Desperate Girls (Wolfe Security #1)(85)
Brynn cast a glance at Conlon, who was looking panicked.
“Can you give us an example of secondary transfer?”
“Yes. For example, a husband and wife share a bathroom. The husband comes home sweaty from work, wipes his face on a towel, then hangs the towel on top of a towel used by his wife. Now the wife’s towel might show trace amounts of her husband’s DNA.”
“I see. Are there any other locations in a household where this type of transfer can occur?”
“Any number of places, if you’ve got multiple people sharing the same space. The bathroom. The laundry hamper. The washing machine.”
Brynn looked at the jury. Their eyes were glued to the doctor. “This transfer of DNA can happen in a washing machine?”
“That’s correct.”
“What about if the dirty clothes in the machine are put through a cycle? Can trace amounts of DNA still be recovered?”
“Yes, that’s right,” he said. “They’ve done studies on the subject. When it comes to DNA, our methods of analysis are extremely sensitive now. Even after a cycle with detergent, trace amounts of DNA from bodily fluids can be found on the clothes.”
“Bodily fluids, including blood?” she asked.
“Yes.”
Brynn glanced at the jurors to see if they understood. Several did—she could tell by the appalled looks on their faces. Joel Sebring had taken his cousin’s car to a drug deal, where he’d shot a man at close range. Then he’d gone over to his aunt’s house to kick back and play video games before letting his cousin take the fall for the murder.
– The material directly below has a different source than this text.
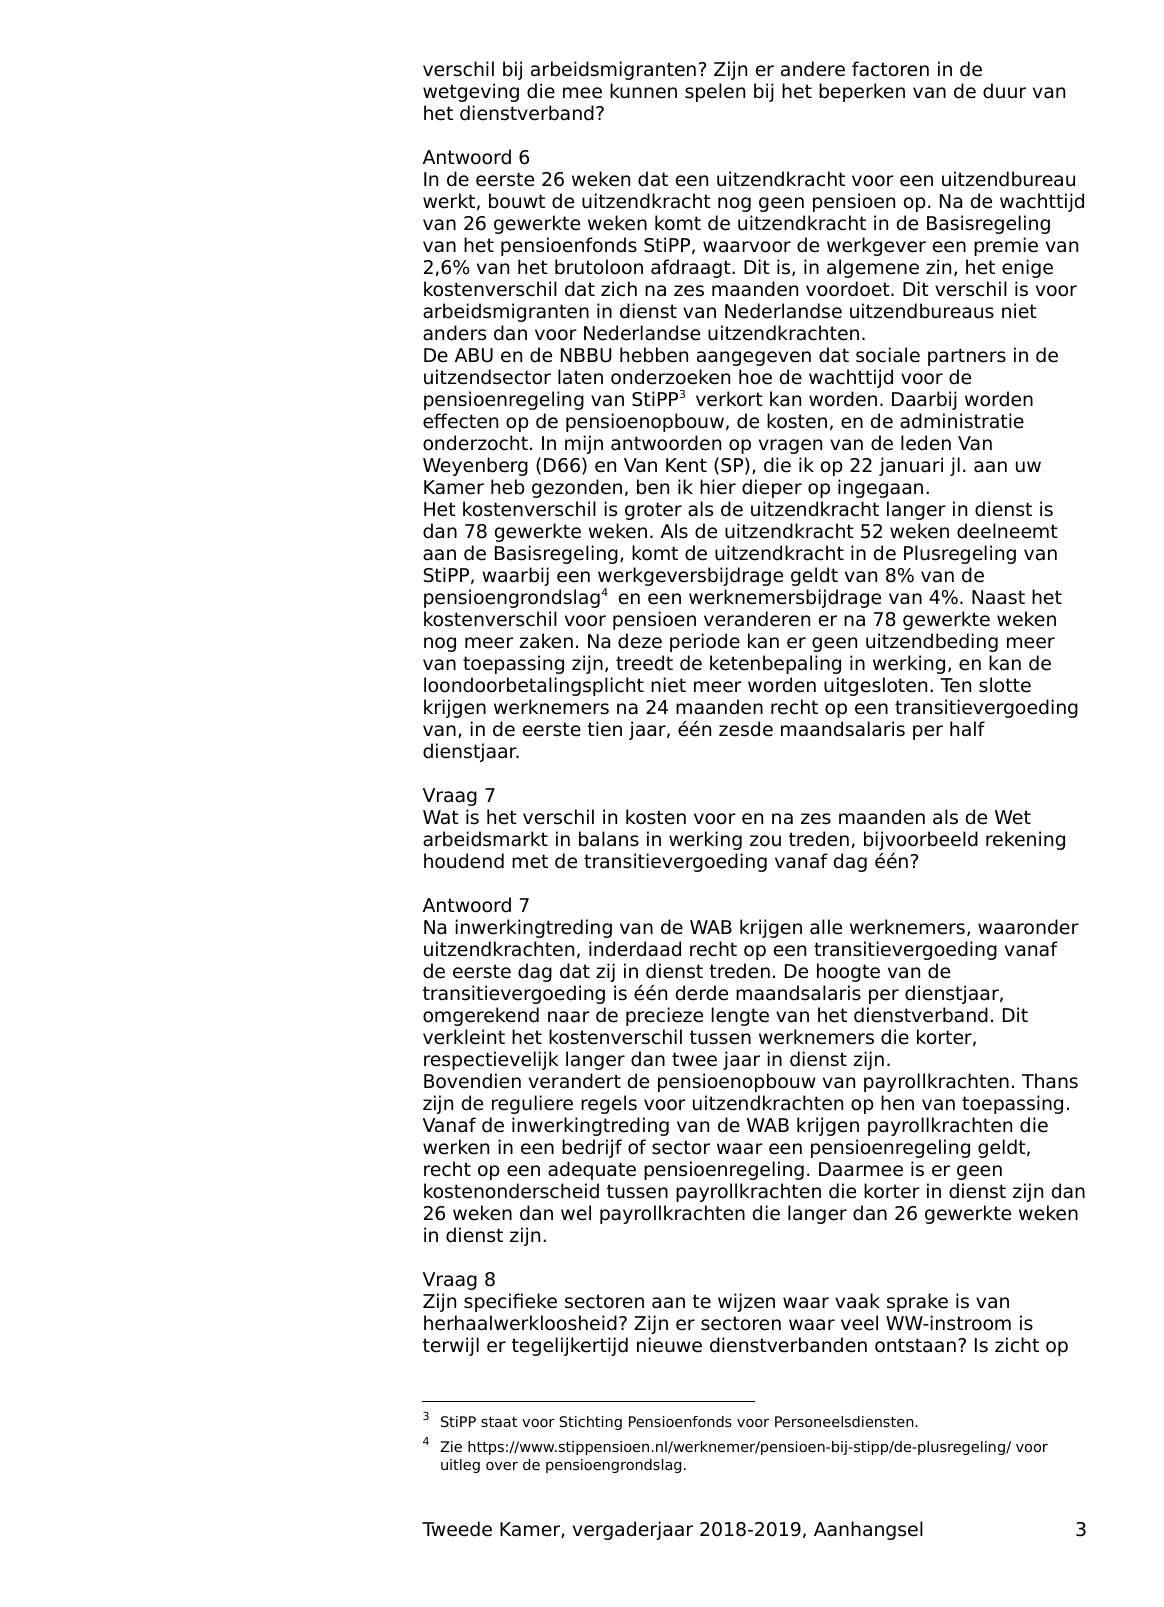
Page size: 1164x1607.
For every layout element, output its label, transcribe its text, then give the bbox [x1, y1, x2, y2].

“And if an item of clothing with blood on it was put into a wash cycle with other items of clothing,” Brynn said, “could those other items of clothing be contaminated with trace amounts of DNA from the blood?”
“That’s quite possible, yes.”
She glanced at Conlon. The prosecutor looked stricken. This one witness had raised reasonable doubt about every scrap of forensic evidence the prosecution had put forward—from the gunshot residue on the steering wheel and Justin’s hands to the traces of the victim’s DNA found on Justin’s clothing. Brynn could have kept hammering, but she sensed it was better to quit while she was ahead.
“Thank you, Dr. Wheeler. No further questions.”
Before Conlon could get up for his cross-examination, Linden hit his gavel and announced the afternoon break. Brynn watched the jurors file out. This time, when she left the courtroom, she was walking on air.
She turned to Hayes. “Did you see that?”
“I did, yeah.”
She glanced around the crowded hallway, but Erik wasn’t there. He’d missed her humiliation this morning, but he’d missed her redemption, too. It didn’t matter, though. The jury had seen it, and that was what counted. For the first time in days, Justin had a fighting chance.
A deafening squeal pierced her ears.
“Fire alarm,” Hayes said.
Someone grasped Brynn’s arm, and she turned around to see Keith.
“What—”
“Get her out of here,” Keith ordered.
They each grabbed an arm and propelled her down the hall.
“What? Where are we going?”
“In the event of an emergency, our orders are to get you to a secure location,” Hayes said, plowing through the crowd.
“What location?”
“The holding cells downstairs.”
Erik rushed down the stairwell, straining to hear over the earsplitting noise. Evacuees from dozens of courtrooms and administrative offices clogged the stairs.
“Hayes, report!” he yelled into his radio.
“We’ve got Brynn. One of the bailiffs said it’s”—static blared over the radio—“threat.”
“Hayes, repeat.”
“It’s a bomb threat. Someone just called it in.”
Erik didn’t like a bomb threat, especially one that was called in over the phone. Callers don’t bomb, and bombers don’t call. It was a saying he’d picked up during his training. Most phone-in threats turned out to be fake, whereas real bombers typically struck without warning.
“I don’t like it,” he told Hayes.
“You think it’s a hoax?”
“I think it’s Corby. Get Brynn to a holding cell ASAP.” Erik pushed past the crowd, sliding down a banister. Five levels to go. “Do not leave her side. You copy?”
“Copy that.”
“I’ll be right there.”
The holding cells were full.
People jostled her from every direction as bailiffs and sheriff’s deputies pulled prisoners through the hallway. It was mayhem, with way too many sweaty, overheated bodies squeezed into way too tight a space.
Keith pulled Brynn against the cinder-block wall and shielded her with his bulk.
“All the rooms are full,” he told Hayes.
“We can’t stay in here.” Hayes looked up and down the hallway, clearly unnerved by the crowd.
Brynn was unnerved, too. This part of the courthouse typically was run with careful precision, but the fire alarm’s constant wail and the sudden evacuation of hundreds of people had turned everything topsy-turvy. Brynn couldn’t help thinking of all the ways someone with nefarious intent might take advantage of the confusion.